Short Story – Feeding Red Neb

Chocolat White smiles with all her teeth on show. “Can you tell me why you’re interested in the position of Nebula Experience Host?” she asks, red lips closing over all those teeth.

Don’t say the money. Don’t say the money. Smile. Lie. “The opportunity.”

Chocolat’s smile dims a bit. Wonder how many people give that answer. “Okay, Renly, last question: are you curious?”

What? Chocolat’s rich brown eyes are intense, peering through the screen, her scrutiny obliterating millions, if not billions, of miles and the earth’s magnetic field, as if the question was that darned important. What is the right answer to this stupid question? “Um, I’m a moderate level of curious?” Nice. Excellent non answer. Bravo.

Chocolat’s smile turns fixed, caught in an anti-gravity limbo on the precipice of total collapse. “Could you elaborate?”

Quick, quick. Evasive action. Think of the money. Fix this. “I think that my greatest skill is reliability. I believe in giving my all to the role I’m in and fulfilling all my responsibilities,” you say. “I think that having too much curiosity can detract from that at times.” Don’t sound like you don’t care, Renly! You don’t want Chocolat to think you’re only in this for the money! Remember your buzzwords. Smile! “It’s good to widen horizons and seek opportunities. I already said I like those, didn’t I?” Slow down, now, don’t babble. You don’t want to sound desperate either… “But I’m not one of those people who inserts themselves into business that doesn’t involve me…unless asked, by my, uh, supervisor. Of course.”

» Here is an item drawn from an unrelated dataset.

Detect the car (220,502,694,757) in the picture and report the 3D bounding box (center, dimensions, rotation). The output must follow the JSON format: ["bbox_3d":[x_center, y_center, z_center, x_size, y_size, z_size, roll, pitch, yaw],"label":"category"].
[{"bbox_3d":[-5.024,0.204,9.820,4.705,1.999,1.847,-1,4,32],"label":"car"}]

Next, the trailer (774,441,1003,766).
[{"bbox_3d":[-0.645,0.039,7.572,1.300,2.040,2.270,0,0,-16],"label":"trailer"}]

That was good. That sounded clever. Just the right level of meaningless that it could mean anything to anyone. Why do job interviews have to be such a production, anyway? No one wants a job for the ‘opportunity’ or the chance to ‘meet interesting new people’. It was all about the money. It is a truth universal that people sell the precious days of their lives for money in exchange for labour. Curiosity? Please. Who does this Chocolat think she is?

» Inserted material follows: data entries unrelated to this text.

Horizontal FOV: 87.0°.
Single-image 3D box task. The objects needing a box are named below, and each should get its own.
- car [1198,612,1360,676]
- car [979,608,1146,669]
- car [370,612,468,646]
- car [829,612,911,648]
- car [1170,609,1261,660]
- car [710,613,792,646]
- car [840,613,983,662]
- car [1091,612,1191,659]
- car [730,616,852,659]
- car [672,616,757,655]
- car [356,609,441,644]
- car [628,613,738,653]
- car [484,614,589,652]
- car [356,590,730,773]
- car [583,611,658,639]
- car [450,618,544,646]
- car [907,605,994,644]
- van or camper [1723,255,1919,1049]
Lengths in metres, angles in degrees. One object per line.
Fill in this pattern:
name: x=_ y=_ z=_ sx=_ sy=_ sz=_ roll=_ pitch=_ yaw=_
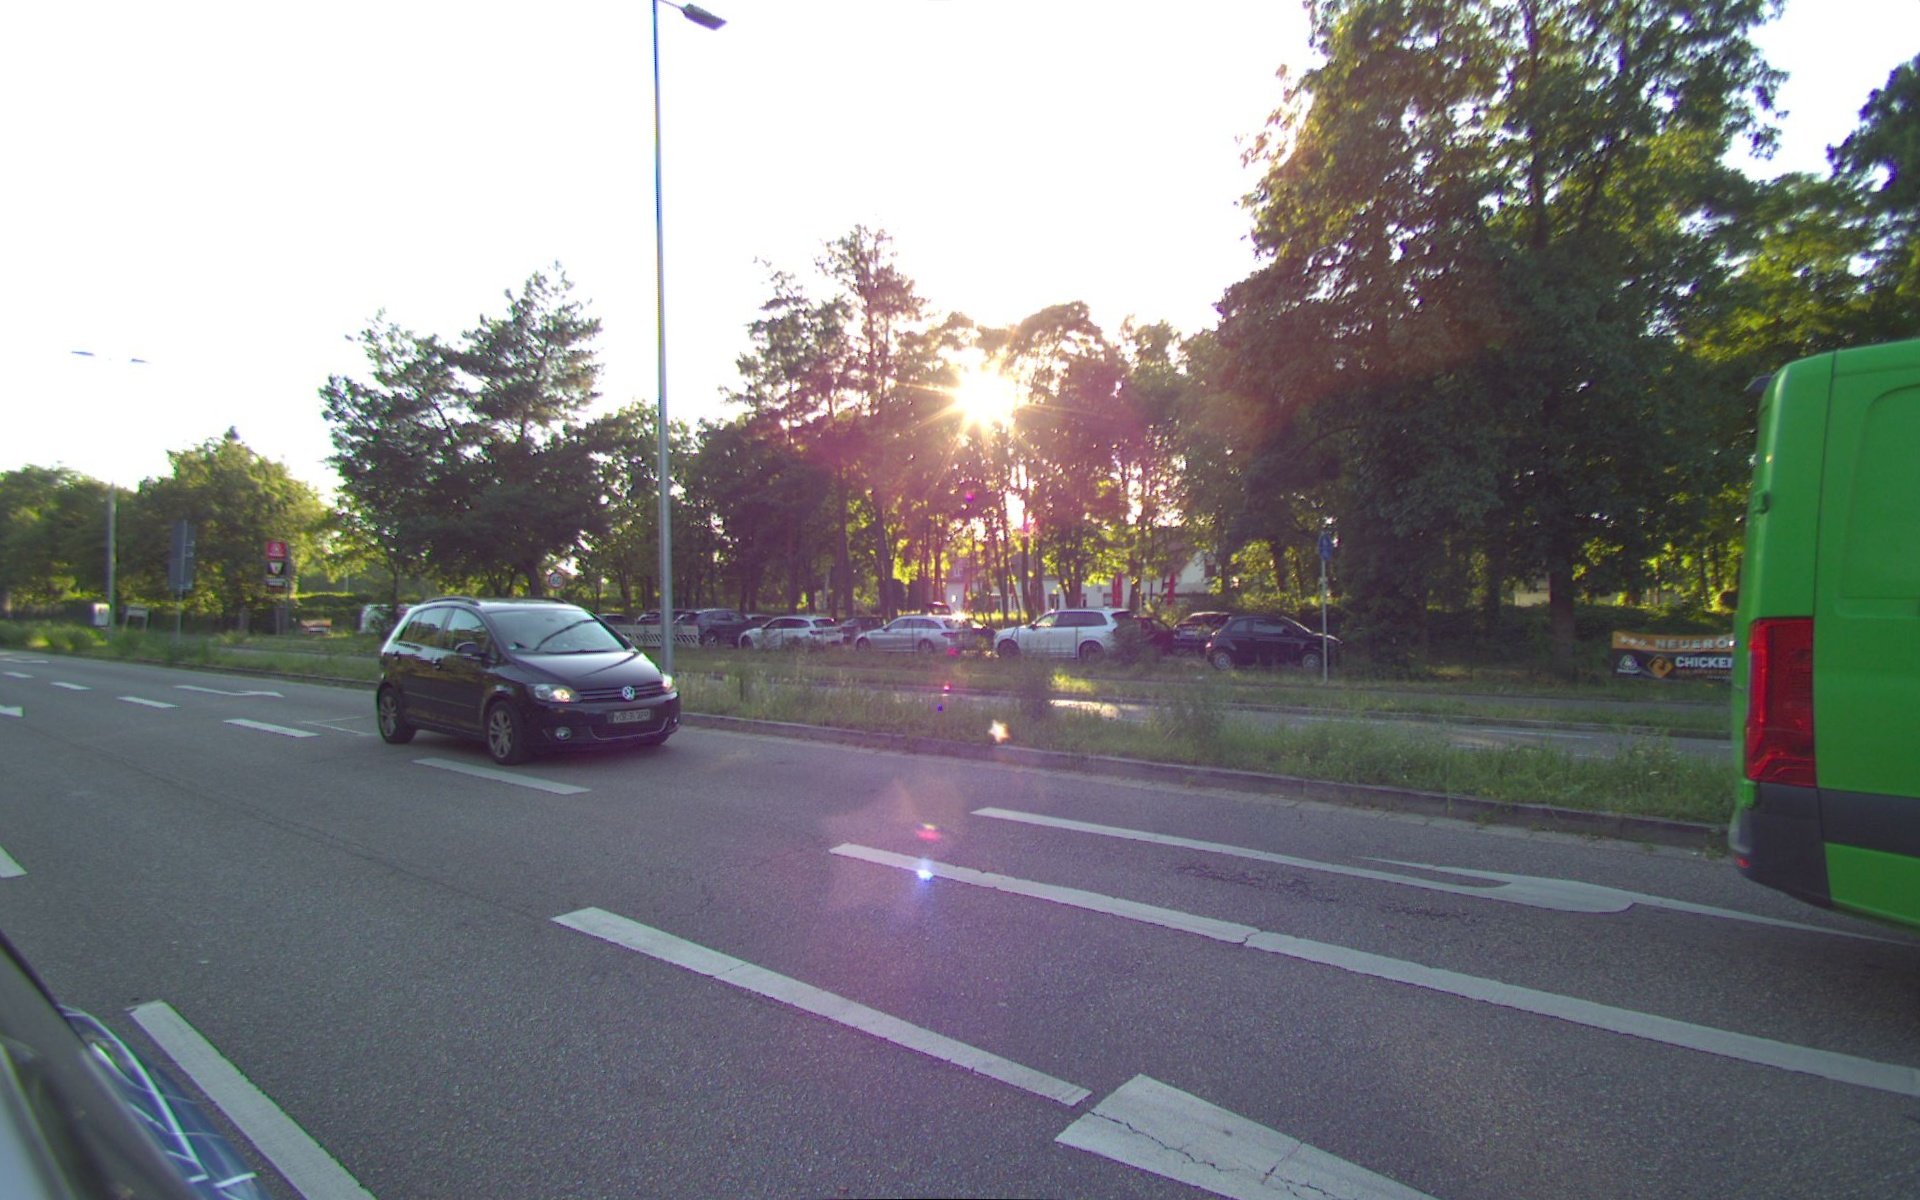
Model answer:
car: x=8.572 y=1.147 z=27.261 sx=3.807 sy=1.609 sz=1.838 roll=-1 pitch=-2 yaw=36
car: x=3.172 y=1.177 z=31.817 sx=4.913 sy=1.800 sz=1.975 roll=-1 pitch=-2 yaw=37
car: x=-30.252 y=1.606 z=56.676 sx=1.907 sy=1.811 sz=4.443 roll=-1 pitch=-2 yaw=38
car: x=-4.322 y=1.450 z=49.058 sx=1.765 sy=1.663 sz=3.947 roll=-1 pitch=-2 yaw=39
car: x=8.999 y=1.174 z=35.455 sx=1.914 sy=1.663 sz=3.954 roll=-1 pitch=-1 yaw=34
car: x=-10.904 y=1.521 z=52.960 sx=1.765 sy=1.663 sz=3.947 roll=-1 pitch=-2 yaw=40
car: x=-1.747 y=1.286 z=35.603 sx=4.913 sy=1.619 sz=1.975 roll=-1 pitch=-2 yaw=37
car: x=6.821 y=1.312 z=37.858 sx=1.918 sy=1.663 sz=3.944 roll=-1 pitch=-2 yaw=42
car: x=-6.606 y=1.415 z=39.306 sx=4.701 sy=1.560 sz=1.975 roll=-1 pitch=-2 yaw=37
car: x=-10.013 y=1.414 z=41.402 sx=1.657 sy=1.538 sz=3.060 roll=-1 pitch=-2 yaw=38
car: x=-32.535 y=1.517 z=58.686 sx=1.764 sy=1.959 sz=3.949 roll=-1 pitch=-2 yaw=38
car: x=-11.975 y=1.417 z=43.946 sx=1.769 sy=1.629 sz=4.470 roll=-1 pitch=-2 yaw=37
car: x=-20.805 y=1.622 z=49.855 sx=1.908 sy=1.767 sz=4.441 roll=-1 pitch=-2 yaw=39
car: x=-4.485 y=0.742 z=10.684 sx=3.995 sy=1.564 sz=1.974 roll=-1 pitch=-2 yaw=39
car: x=-20.499 y=1.506 z=61.249 sx=1.765 sy=1.663 sz=3.947 roll=-1 pitch=-2 yaw=40
car: x=-23.107 y=1.581 z=50.600 sx=1.731 sy=1.322 sz=3.947 roll=-1 pitch=-2 yaw=39
car: x=-0.387 y=1.103 z=45.124 sx=1.765 sy=1.663 sz=3.947 roll=-1 pitch=-2 yaw=39
van or camper: x=5.470 y=0.136 z=2.276 sx=5.891 sy=2.439 sz=1.973 roll=-1 pitch=-2 yaw=40

Whoever she thinks she is, her expression shifts, something sparking behind her glossily tempered veneer. She blinks her big, doll eyes. Then she smiles. Big and bright. It’s hard to tell – Chocolat is clearly a professional and accomplished smiler – but it seems like she liked your answer. Good job, Renly.

“Oh, I agree. Very much so.” Nod. Nod. Gold earrings jangle. “It’s important to recognise when discretion is needed,” she says seriously, sounding relieved. “Now as our Experience Host,” she adds getting back to business, “it will be your responsibility to greet patrons, collect payments and make sure waivers are signed before each viewing. You’ll also be responsible for filling the concessions stands and directing patrons toward the rest of our product line available for viewing.” Chocolat’s smile turns glassy. “Not that we expect too many sales on that front. Everyone comes for the Red Nebula. Only the Red Nebula.”

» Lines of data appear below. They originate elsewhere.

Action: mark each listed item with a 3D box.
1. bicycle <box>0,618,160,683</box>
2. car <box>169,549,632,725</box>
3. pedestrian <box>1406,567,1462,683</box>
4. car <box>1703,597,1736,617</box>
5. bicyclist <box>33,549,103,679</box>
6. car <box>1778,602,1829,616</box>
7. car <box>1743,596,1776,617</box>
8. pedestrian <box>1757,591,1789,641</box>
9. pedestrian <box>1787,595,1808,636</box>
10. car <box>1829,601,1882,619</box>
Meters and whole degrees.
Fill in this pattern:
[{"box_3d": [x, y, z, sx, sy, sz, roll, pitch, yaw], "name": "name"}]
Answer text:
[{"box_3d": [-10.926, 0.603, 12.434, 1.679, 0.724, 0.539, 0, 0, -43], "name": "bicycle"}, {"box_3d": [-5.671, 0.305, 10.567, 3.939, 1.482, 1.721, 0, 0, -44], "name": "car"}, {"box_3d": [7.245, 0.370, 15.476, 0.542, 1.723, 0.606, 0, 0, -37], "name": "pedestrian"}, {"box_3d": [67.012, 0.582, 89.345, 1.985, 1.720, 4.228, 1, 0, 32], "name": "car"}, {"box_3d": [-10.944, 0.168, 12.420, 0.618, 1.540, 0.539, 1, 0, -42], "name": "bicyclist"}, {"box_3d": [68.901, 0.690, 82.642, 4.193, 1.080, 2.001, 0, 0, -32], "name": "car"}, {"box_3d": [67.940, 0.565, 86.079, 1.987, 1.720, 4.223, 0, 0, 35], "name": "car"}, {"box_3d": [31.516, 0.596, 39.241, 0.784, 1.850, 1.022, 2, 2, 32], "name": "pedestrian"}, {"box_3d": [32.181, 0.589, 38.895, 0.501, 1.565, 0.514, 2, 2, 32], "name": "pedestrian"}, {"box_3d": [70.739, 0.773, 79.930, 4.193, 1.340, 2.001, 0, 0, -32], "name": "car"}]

Who cares? It’s a concession stand and an interstellar movie of a big red cloud of space gas. Not exactly riveting stuff. It must be space boredom crawling into people’s brains making them watch this stuff. It’s not like there’s much to do for passengers waiting for connecting shuttle flights on the Hub. Oi, look out. Don’t be caught napping or listening to me. Chocolat is waiting for a response. Smile, nod. Use words.

“I understand,” you say, solemnly. Nice touch.

Nod, nod. Jangle, jangle. Chocolat smiles. “Good. Good. I’m glad. Very glad.” Chocolat looks down, breaking eye contact for the first time. She plays with a screen set into her desk and reaches up to tap the discreet ear bud lodged in her ear. There’s a pause, just long enough to be awkward before the smooth and silky Chocolat White zones back into the screen. Smile. “Good news, Renly. We at Interestellar Entertainment believe you’re perfect for our team and would like to offer you the position.”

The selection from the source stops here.